13 The Court has been much assisted in understanding the connection of the native title claimant group with their land by the commendably clear and comprehensive way in which the claimant application has been prepared. The uncontested statements in the Application give the Court some understanding of the laws and customs of the Peoples of the Ngaanyatjarra Lands. The application sets out the various matters required by s 62 of the Act, including a general description of the native title rights and interests claimed and the factual basis upon which it is said that the claim group, and their predecessors, had an association with the area. It outlines the basis for the claim that there existed traditional laws and customs that give rise to native title and that the claim group has continued to hold the native title in accordance with those traditional laws and customs. It explains, in outline, but sufficiently for present purposes, the basis of the claim of association with the area. It explains also that the fundamental concept in the belief system of the people of the Western Desert is that of the Tjukkurrpa and it explains in broad outline how that concept relates to the traditional laws and customs that are the foundation of the claim.
14 The traditional laws acknowledged, and the customs observed, by the people, encompass all aspects of their lives, as they have done since they first came to these vast lands long, long ago. It is a connection that can be traced so deep into the lives of the Peoples of the Ngaanyatjarra Lands that it involves spiritual, physical, historical, legal (that is to say, customary legal), economic and social elements. The Application tells, for example, of how the Peoples of the Ngaanyatjarra Lands spiritual connection to their Country can be found in the collective belief that the Tjukurrpa are responsible for the existence and form of the land itself.
15 In the distant past, dreaming beings travelled vast distances across the desert and through the Ngaanyatjarra Lands, creating the waterholes and landscape features and laying down the songs and dances for the people to perform. They include the dance and song, performed last night at the place where the court sits today, about the emu and the turkey, who met up at a place called Yankal-Tjungku to the north of here, and continued on. The Ngaanyatjarra Lands are characterised by the number and richness of these great travelling stories of creation, which still form the backbone of the people's culture and way of life.
16 In these circumstances I am quite satisfied that it would be appropriate to make an order in the terms agreed between the parties.
17 It is always a cause for great satisfaction when native title claims are settled by agreement rather than through litigation. As I said in Anderson on behalf of the Spinifex People v State of Western Australia [2000] FCA 1717, at para 1:
"Courts have always encouraged parties to settle their claims amicably. Agreement is especially desirable in native title cases due to the importance, complexity and sensitivity of the issues involved. Agreement between the parties minimises cost and distress and establishes goodwill between the parties for future dealings: North Ganalanja Aboriginal Corporation v Queensland (1996) 185 CLR 595."
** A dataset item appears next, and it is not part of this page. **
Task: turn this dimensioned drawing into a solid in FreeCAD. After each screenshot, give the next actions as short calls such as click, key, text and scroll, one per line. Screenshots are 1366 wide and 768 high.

18 In this case the efforts of all the parties and their representatives are especially noteworthy. As I have said, the present single application takes the place of six individual claims and the parties have gone ahead with commendable speed to achieve an agreement within little more than a year after the filing of this application.
19 Finally, I should emphasise to all present that the order that the Court will now make determines, under the laws of Australia, that native title exists, as it always has, according to the traditional laws and customs of the Peoples of the Ngaanyatjarra Lands, and that the title is held by those Peoples. The order does not grant native title to the Peoples of the Ngaanyatjarra Lands; it recognises what they have long held.